Post Wed Nov 08, 2017 4:08 pm

Data analysis development-wishlists and datasets?

Hi all,

On another thread (viewtopic.php?f=3&t=823), Adeeb made a comment about having some datasets in preparation to help out with the informatics problem of doublet discrimination/exclusion. This was partly in response to El-ad's comments (Wed Oct 25, 2017 3:32 pm) about not having quite the right dataset to do some of this modeling.


It got me thinking a bit about datasets, and what various labs might have "lying around" that would be helpful in things like this. While FlowRepository and Immport (among others) are great, I'm sure about every lab has some data that would be useful to *someone* doing algorithm development, benchmarking, etc, even if it's not necessarily publishable by itself.

For example, the HIMC runs a healthy control sample on almost every plate of samples we process, so we have replication data that we haven't really done a ton with, aside from using it as qualitative QC to make sure that the assay performed properly. But, it could potentially be useful to some data scientist looking at day/week/month/year variation over in-house reagent lots, different instruments (specific instruments vs specific instrument, instrument models, etc), etc.
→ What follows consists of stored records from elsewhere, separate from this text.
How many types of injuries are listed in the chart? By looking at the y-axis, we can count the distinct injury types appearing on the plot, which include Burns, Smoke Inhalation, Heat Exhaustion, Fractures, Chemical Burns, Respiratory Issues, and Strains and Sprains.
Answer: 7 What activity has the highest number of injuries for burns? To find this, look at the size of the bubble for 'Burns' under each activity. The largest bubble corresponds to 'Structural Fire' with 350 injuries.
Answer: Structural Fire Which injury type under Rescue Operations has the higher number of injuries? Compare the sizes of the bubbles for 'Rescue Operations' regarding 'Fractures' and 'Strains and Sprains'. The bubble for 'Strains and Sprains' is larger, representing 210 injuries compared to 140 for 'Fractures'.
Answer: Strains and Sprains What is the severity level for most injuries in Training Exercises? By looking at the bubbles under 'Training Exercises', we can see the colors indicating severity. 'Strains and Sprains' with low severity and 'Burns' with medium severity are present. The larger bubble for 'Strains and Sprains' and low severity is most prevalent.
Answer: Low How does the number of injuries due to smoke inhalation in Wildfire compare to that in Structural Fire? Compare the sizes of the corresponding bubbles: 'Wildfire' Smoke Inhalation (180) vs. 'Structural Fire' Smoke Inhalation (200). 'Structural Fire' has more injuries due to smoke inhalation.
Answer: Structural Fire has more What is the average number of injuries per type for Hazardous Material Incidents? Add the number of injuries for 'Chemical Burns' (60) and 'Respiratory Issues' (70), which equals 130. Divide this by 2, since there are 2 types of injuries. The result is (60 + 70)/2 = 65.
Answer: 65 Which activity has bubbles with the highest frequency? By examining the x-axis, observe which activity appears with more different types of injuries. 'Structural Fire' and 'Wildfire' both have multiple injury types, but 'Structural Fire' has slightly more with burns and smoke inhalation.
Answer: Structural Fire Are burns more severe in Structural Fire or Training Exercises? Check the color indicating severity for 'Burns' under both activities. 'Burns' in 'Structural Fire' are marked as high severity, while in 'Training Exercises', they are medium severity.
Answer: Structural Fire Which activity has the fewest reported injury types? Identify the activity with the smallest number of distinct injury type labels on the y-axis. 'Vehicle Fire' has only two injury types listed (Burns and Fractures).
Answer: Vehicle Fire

On the flipside, I've also encountered a few instances where a data scientist was surprised by a problem or analysis need that I raised: I don't think the bench scientists are necessarily communicating *that* back to the data people.



So, 2 questions that I hope will spark a lot of discussion:

1) Data scientists, bioinformaticians, and algorithm developers (and combinations thereof): for the problems/issues you see in CyTOF data analysis, what datasets do you need (or at least want) from the bench scientists in order to better tackle them? In other words, what's your wishlist?

2) Bench researchers: what do you see as some still-unmet needs in data analysis? I'm thinking more about unsolved problems: things like A) the clean doublet discrimination mentioned above; B) detection and hopefully elimination of sample carryover; C) batch correction (both for barcoded samples *and* non-barcoded samples with a plate control). In other words, what's your wishlist?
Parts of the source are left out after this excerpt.